Her ability to love other children besides her own extended far beyond me and Anna Maria and her siblings. The biggest recipients were probably her grandchildren who spent a good part of their childhood in her home. Now all grown up she delights in their children.
           We saw her reach her ninetieth birthday with her health and memory intact. Sometime afterwards, though, her recall began going. She was given medication but it brought nightmares of her Nazi memories and she stopped taking the pills.
            Living so far away I didn’t visit often but was pleased when she remembered me six years earlier. Three months ago I finally made a return visit. Annamie no longer remembered me or another cousin who’d come at the same time. It felt bad but I reminded my other cousin that we still remembered her and all her sweetness.
            Now all that sweetness is in ICU and I pray she’s not suffering.
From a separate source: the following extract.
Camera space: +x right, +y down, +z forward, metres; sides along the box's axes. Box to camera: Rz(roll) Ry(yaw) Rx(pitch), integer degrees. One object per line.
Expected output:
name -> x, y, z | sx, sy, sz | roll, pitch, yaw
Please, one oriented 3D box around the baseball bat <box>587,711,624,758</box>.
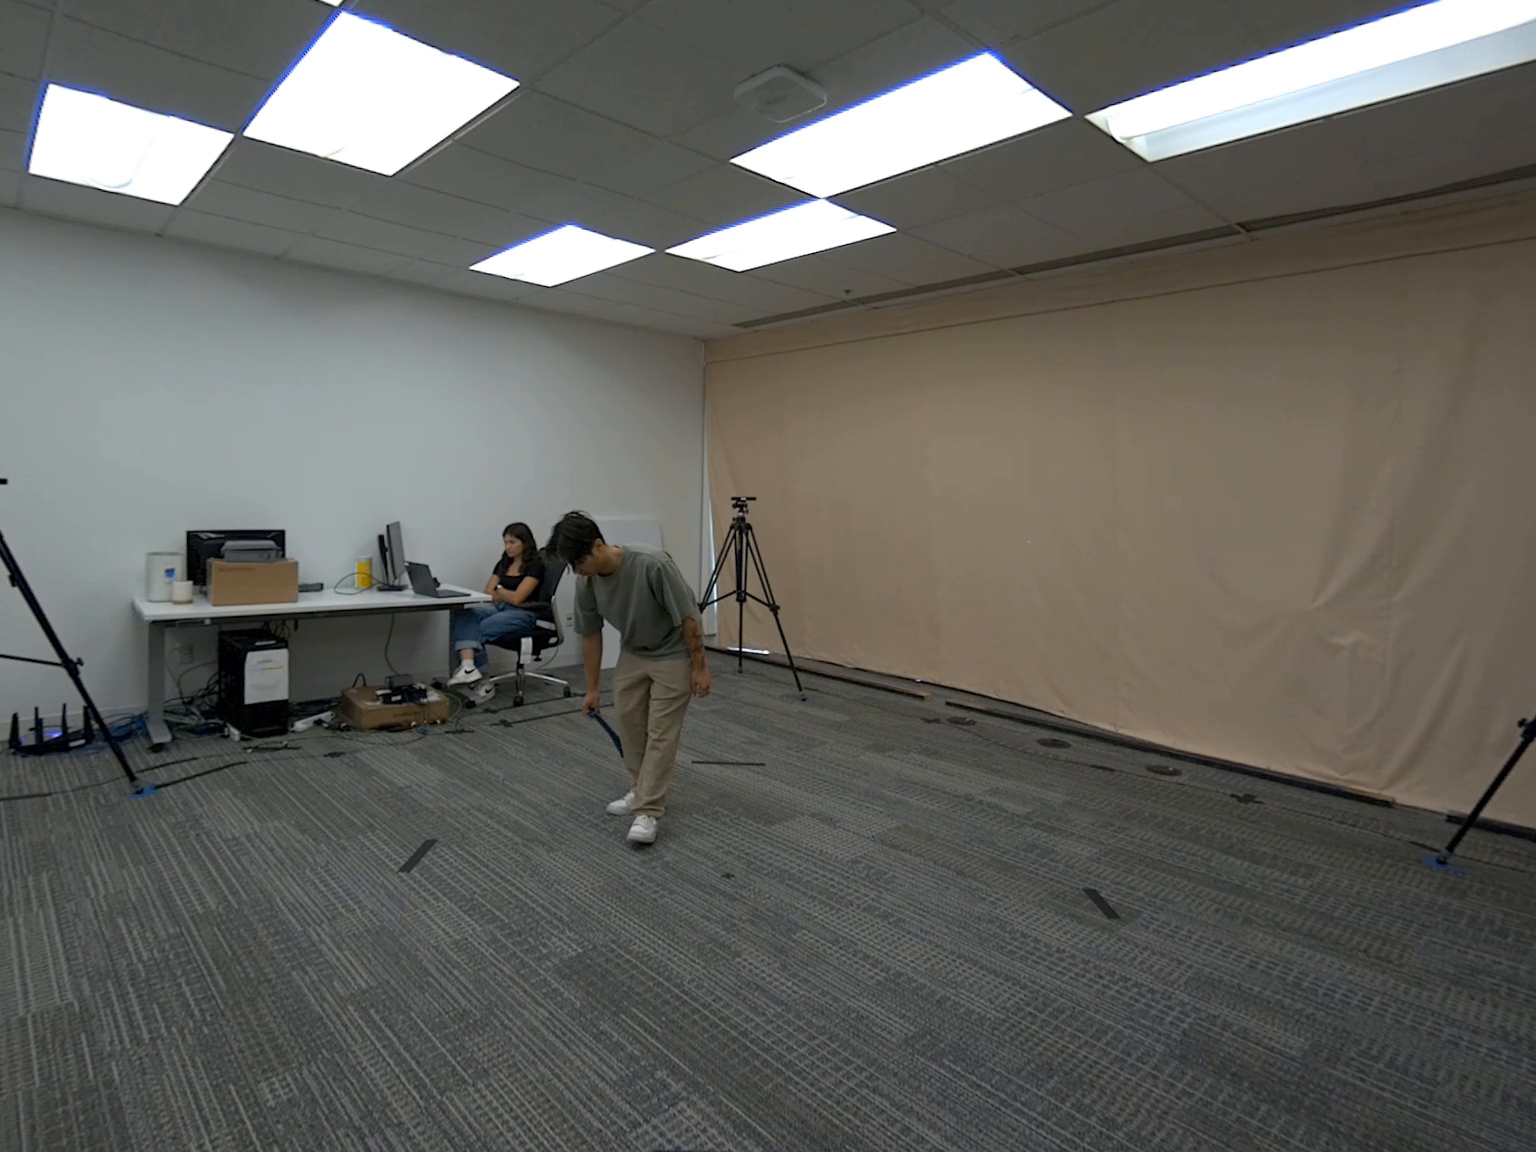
baseball bat -> -0.679, 0.804, 3.885 | 0.089, 0.529, 0.091 | -26, 28, 14

If I was living in America I’d find a way to fly to Oklahoma and help out at the hospital. But I’m not in America. I’m in the Jewish homeland miles and miles from Stillwater.
In my novel Lisa’s husband, a native Israeli, tries to be understanding.
“I remember how I felt when I was in America.” He looked sympathetic. “Are you sorry we came here?”
She shook her head.

I have to agree with Lisa. I’m not sorry I came to live in Israel, not at all. And yet, sometimes it’s hard to be so far away.
Anne Marie and Theo, summer 1977

2 comments:

Batya said...

Over the almost half a century I'm here in Israel, I've felt that missing the old family shivas, when a relative died was hardest. Yes, it was harder than missing a wedding. The best times of my visits over the years was time with my many cousins.
And I really love the visit some have paid here to Israel, just too bad not enough...

Ester said...

I'm pleased to write that Annamie is out of the hospital.